9. That is just what you need; your greatest need is life. Merely to breathe, and eat, and drink, is not, according to God’s notion, living. That is a mere animal kind of life, and there is a far better and higher life than anything that men know about until God’s grace quickens them, and makes them truly to live. Life is needed by every unconverted man and woman; life, — not merely an outward change of life, or a reformation, but the reception of a new life by regeneration, as our Lord said to Nicodemus, “You must be born again.” There are some things that you may be or may not be, but this is a must be: “You must be born again.”
10. Our text speaks of “the water of life” which men are told to take, and which God most freely gives. It is called “the water of life” because it quenches thirst. A man may scarcely know what thirst of soul really is even when he has begun to experience it; he has a sense of unrest, and a desire for something that he does not possess. He does not know what that something is, but he knows that something is lacking; that is one indication of thirst of soul. And when the Spirit of God comes, and deals with a man, he gets an even more intense sense of uneasiness and unhappiness, and the pangs of desire are still more acute within him. Thirst is a very strong form of desire. Hunger may be somewhat appeased by various expedients, but I have been told that the pangs of thirst are terrible in the extreme; when it really burns a man, it is like a fierce fire raging within him. So, when a soul wants, desires, longs, and pines for this unknown blessing, it does not know what it really does want, but its one need is a Saviour. It needs renewal, it needs forgiveness, it needs life; and God here, in our text, presents the blessing to mankind under the metaphor of “the water of life,” which removes the thirst of the soul, refreshes the drooping spirit, and cleanses the whole life. Oh, that men would only take it, and take it at once!

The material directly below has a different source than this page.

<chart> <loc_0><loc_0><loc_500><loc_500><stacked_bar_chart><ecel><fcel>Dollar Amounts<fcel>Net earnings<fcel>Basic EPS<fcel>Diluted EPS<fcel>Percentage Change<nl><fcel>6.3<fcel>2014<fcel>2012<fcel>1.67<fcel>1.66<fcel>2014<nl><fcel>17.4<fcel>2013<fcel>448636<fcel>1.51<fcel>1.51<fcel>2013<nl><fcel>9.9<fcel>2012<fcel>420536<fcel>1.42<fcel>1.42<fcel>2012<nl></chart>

11. My dear hearer, let me assure you that, in the gospel, there is exactly what you require. Have you been trying to make yourself better, and yet you are conscious that you are no better? The gospel, received by faith, will make you better. Are you unhappy? Do you long to find something that will give you peace? The gospel would give you peace if you would only believe it. You say that you want to get away from your old sinful self, and to be made anew. Well, in the gospel that great work is provided for; and many here can testify that, by its means, they have been made new creatures in Christ Jesus. There is a black past in your history, that you would gladly forget; but in the gospel there is revealed the fountain that can wash out all its stains. Perhaps some of you are dreading the dangerous future; but in the gospel there is ample protection for all that lies before you. Possibly, to some of you, the present is a time of great darkness; but in the gospel there is light for the present; yes, joy even for this moment in which you seem to be driven almost to despair. When I preach about the water of life, so freely given by God, I mean just this, — that all you need between here and heaven Christ is ready to give you. All that your soul can possibly require to enable you to stand in the presence of God without fear, and to dwell in the bosom of God for ever, made perfectly like God by his grace, — all that is in the gospel for you; and we are told to invite you to partake of it in the name of Jesus Christ our Lord.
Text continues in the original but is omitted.